Das Licht ist sehr sanft dargestellt, es erinnert an eine Abenddämmerung im Hochsommer. Im Vordergrund sind leichte Schatteneffekte zu erkennen, ebenfalls unter dem Wagen und dem vorderen Pferd. Die untergehende Sonne wurde mit zartrosa an den Berggipfeln und an einigen Stämmen und dem Pferd im Vordergrund wiedergegeben. Ansonsten scheint überall die gleiche sanfte Lichtstimmung zu herrschen.
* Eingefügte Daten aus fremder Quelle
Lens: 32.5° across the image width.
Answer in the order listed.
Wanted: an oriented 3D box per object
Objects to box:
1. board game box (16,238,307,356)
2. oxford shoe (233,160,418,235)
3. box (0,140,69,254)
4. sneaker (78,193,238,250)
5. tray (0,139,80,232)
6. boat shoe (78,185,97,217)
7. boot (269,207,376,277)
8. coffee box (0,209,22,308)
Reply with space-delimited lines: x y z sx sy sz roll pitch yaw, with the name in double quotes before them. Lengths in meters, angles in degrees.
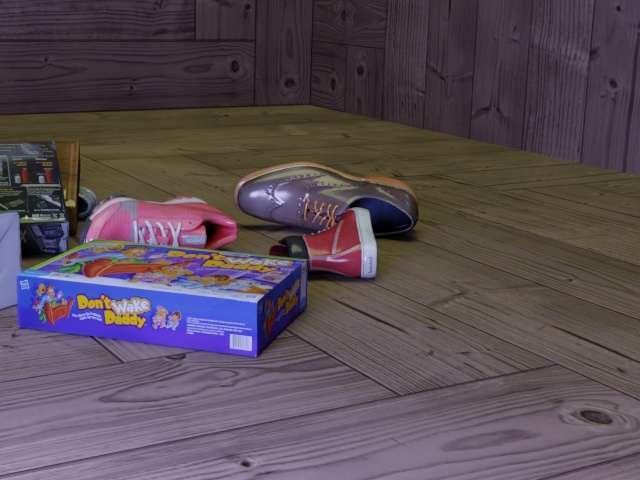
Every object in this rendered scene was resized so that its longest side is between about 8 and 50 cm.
"board game box" -0.216 0.073 1.556 0.347 0.078 0.233 5 14 14
"oxford shoe" 0.010 -0.073 2.116 0.363 0.130 0.133 2 19 1
"box" -0.608 -0.075 1.922 0.307 0.076 0.242 -3 41 -19
"sneaker" -0.265 -0.018 1.861 0.136 0.116 0.314 14 18 37
"tray" -0.668 -0.106 2.079 0.411 0.076 0.203 0 43 -10
"boat shoe" -0.559 -0.084 2.173 0.227 0.079 0.081 4 9 -4
"boot" 0.000 0.000 1.893 0.176 0.088 0.244 0 17 -2
"coffee box" -0.562 0.015 1.621 0.246 0.141 0.098 11 17 31
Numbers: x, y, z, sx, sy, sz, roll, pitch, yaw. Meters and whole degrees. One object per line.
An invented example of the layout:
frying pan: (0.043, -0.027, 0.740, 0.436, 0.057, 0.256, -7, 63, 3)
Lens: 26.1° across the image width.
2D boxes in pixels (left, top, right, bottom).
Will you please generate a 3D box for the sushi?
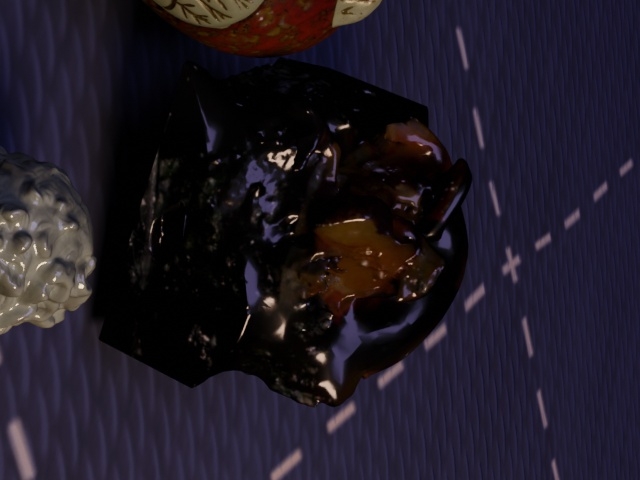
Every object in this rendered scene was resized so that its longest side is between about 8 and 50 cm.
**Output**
sushi: (0.000, 0.000, 1.021, 0.227, 0.212, 0.215, -10, 123, -64)

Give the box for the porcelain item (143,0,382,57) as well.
porcelain item: (-0.038, -0.260, 0.969, 0.253, 0.253, 0.252, 4, 86, -55)

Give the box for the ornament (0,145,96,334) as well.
ornament: (-0.245, 0.023, 0.774, 0.285, 0.130, 0.120, -25, 96, -52)

Einer der Fluchtpunkte liegt in der Bildmitte: einige Linien laufen darauf zu, wie zum Beispiel der Weg, der Graben daneben, die Obergrenze der Baumgruppe auf der linken Seite im Bildhintergrund die Berghänge auf der rechten Seite, und der kleine Bach. Der Abhang auf der rechten Bildseite, verschiedene Schatten der Berge und eine hellere Stelle im linken Berghang hingegen scheinen als Fluchtpunkt den Mond zu haben.

Der Weg bildet mit dem Graben auf der rechten Seite ein Dreieck, mit den zwei hellen Bäumen als Spitze im Mittelpunkt. Die Berge selbst bilden ein auf dem Kopf gestelltes Dreieck. Beide Dreiecke treffen sich in der Mittel.

Der Schwerpunkt liegt beim Pferd im Vordergrund. Dieses bildet mit den zwei Pferden vor dem Wagen eine Parallele mit dem Graben auf der rechten Seite, und mit den oberen Ästen der Baumgruppe rechts eine Parallele zum Weg.

Die Proportionen sind naturgetreu dargestellt. Es wird mit der Größe der einzelnen Elemente eine perspektivische Darstellung der Umgebung gegeben. Auch die Berggipfel sind eindeutig wiederzuerkennen.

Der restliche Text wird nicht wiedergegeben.